Start of SOURCE MATERIAL

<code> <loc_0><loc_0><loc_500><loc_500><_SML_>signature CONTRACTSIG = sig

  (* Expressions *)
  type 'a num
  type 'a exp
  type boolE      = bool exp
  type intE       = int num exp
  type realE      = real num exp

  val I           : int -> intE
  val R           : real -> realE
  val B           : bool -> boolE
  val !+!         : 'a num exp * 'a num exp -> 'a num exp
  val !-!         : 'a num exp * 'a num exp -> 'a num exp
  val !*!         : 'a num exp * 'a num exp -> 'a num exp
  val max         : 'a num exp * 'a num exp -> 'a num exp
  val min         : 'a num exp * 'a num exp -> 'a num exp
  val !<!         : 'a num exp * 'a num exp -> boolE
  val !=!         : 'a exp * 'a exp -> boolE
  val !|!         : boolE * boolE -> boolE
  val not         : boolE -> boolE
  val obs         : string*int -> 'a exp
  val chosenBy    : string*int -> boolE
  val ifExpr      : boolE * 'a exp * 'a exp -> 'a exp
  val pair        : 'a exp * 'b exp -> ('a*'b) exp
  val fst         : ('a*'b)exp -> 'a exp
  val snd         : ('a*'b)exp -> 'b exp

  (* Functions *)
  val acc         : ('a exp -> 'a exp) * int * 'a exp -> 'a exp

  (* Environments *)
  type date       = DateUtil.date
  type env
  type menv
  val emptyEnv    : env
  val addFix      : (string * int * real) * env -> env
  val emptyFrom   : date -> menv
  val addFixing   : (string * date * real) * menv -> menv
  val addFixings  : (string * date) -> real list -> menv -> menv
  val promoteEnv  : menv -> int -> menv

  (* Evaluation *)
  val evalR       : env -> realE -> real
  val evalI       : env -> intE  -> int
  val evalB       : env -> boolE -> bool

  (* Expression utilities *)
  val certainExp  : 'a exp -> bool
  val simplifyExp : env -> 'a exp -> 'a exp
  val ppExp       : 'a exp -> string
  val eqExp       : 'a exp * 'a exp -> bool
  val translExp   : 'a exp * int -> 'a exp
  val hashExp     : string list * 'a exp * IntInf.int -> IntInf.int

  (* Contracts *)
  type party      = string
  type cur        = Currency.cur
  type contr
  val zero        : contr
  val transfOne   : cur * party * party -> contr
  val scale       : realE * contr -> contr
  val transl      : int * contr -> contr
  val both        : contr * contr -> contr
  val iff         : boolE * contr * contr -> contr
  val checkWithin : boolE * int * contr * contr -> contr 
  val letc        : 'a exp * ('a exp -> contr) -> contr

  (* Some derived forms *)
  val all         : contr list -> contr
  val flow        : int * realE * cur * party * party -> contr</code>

End of SOURCE MATERIAL

THE TASK: Check each line of the material for "realE". Copy the ones that have it.

ANSWER TO THIS EXERCISE:
  type realE      = real num exp
  val R           : real -> realE
  val evalR       : env -> realE -> real
  val scale       : realE * contr -> contr
  val flow        : int * realE * cur * party * party -> contr</code>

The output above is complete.